To understand the race for the Republican presidential nomination—and the role that foreign policy issues have played in it so far—it helps to recall the lay of the political land as it appeared in the first half of 2009; that is, the point at which any potential contenders for 2012 had to start planning a run.
The GOP was in retreat politically, its brand damaged by public dissatisfaction with the Bush presidency. The dissatisfaction could be directly traced to Bush’s perceived blunders in foreign affairs, whether it was overreaching in Iraq, adopting “enhanced interrogations” and other policies that alienated allies, or simply not presenting a sufficiently admirable presidential persona on the world stage. In Barack Obama, by contrast, the Democrats seemed to have found a standard-bearer whose charisma and youth made him an even likelier bet for reelection than incumbent presidents usually are—and whose strongest selling points included his capacity to “rebrand” the US in the world as a dynamic, open, “smart” society. Meanwhile, the Tea Party was in its infancy, and looked more like a source of internal division for Republicans than a source of possible electoral strength.

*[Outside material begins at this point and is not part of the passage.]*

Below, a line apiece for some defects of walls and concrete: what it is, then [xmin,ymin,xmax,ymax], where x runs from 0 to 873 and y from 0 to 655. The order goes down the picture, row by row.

And so the smart thing to do, if you were a Republican Party heavyweight, would not be to start running for president. This was undoubtedly part of the calculation that led former Utah Governor Jon Huntsman to sign up for the Obama administration as ambassador to China in early 2009. At that time, he calculated that the best place for a Republican presidential wannabe was inside the Obama tent—and far away from US politics. The major exceptions were Mitt Romney, the former Massachusetts governor, who really never stopped running after losing to John McCain in 2008, and had no better options, and Tim Pawlenty, the able young governor of Minnesota, whose second term was set to end in 2010, and for whom 2016 was simply too far in the future.
Consequently, when it turned out that Obama was not the unbeatable political force that he seemed at his inauguration, and when election results in 2009 and 2010 showed that the Tea Party’s energy could be harnessed to produce GOP victories—in short, when it turned out that the 2012 GOP nomination would be worth having after all—not many leading Republicans were well-prepared or well-positioned to take advantage of it.

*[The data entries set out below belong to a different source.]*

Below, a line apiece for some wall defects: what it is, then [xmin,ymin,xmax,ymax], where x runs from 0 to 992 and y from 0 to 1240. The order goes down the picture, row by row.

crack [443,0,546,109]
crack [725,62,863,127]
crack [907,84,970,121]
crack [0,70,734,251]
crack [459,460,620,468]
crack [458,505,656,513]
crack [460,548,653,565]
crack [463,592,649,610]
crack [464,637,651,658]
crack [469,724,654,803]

Yes, big names like Governor Mitch Daniels of Indiana, Representative Paul Ryan of Wisconsin and Governor Chris Christie of New Jersey considered making late runs. But with the exception of Texas Governor Rick Perry, whose large in-state donor list made his late entry feasible, and Huntsman, who could count on a personal fortune to fund his run, none of these party luminaries took the plunge. Perry’s early debate gaffes and Huntsman’s inability to make GOP voters forget his previous service to Obama have left them far behind in the polls, perilously close to joining Pawlenty, whose campaign imploded early, on the sidelines.
Result: the Republican field on the eve of the Iowa caucuses consists of Romney, plus a group of men and one woman who are either unlikely to get the nomination, or unlikely to beat Obama if they do.
What, then, can we conclude about the state of Republican Party foreign policy, based on the debate among these characters? The big picture is that it is far from clear that the Republicans in 2012 will enjoy their customary edge over the Democrats as the party of national security. In the past, whether the issue was standing up to Communism or, after the Cold War, battling terrorism, voters tended to trust the more muscular GOP. This time, maybe not.
There are four reasons for this, the first of which is simply the diminished saliency of foreign and defense policy as political issues. The US economy is mired in a deep and prolonged crisis, the most palpable manifestation of which is stubbornly high unemployment. The crisis has many international components—from the perennial concerns about China’s alleged depredations in international markets to Europe’s new woes. But voters think of jobs as mainly a domestic concern. And jobs trump all other issues.
The second problem for the GOP is that several of the candidates are so poorly suited by personality and experience to play the role of potential commander in chief. Tea Party favorite Michele Bachmann is a House backbencher; businessman Herman Cain seems unprepared to deal with any issue that cannot be answered with the mantra “nine-nine-nine”; Ron Paul is a doctrinaire libertarian who has openly suggested that the US itself is to blame for the terrorist attacks on September 11, 2001. His response to every foreign policy question is: stay out. It’s not even clear he thinks the US should have a foreign policy.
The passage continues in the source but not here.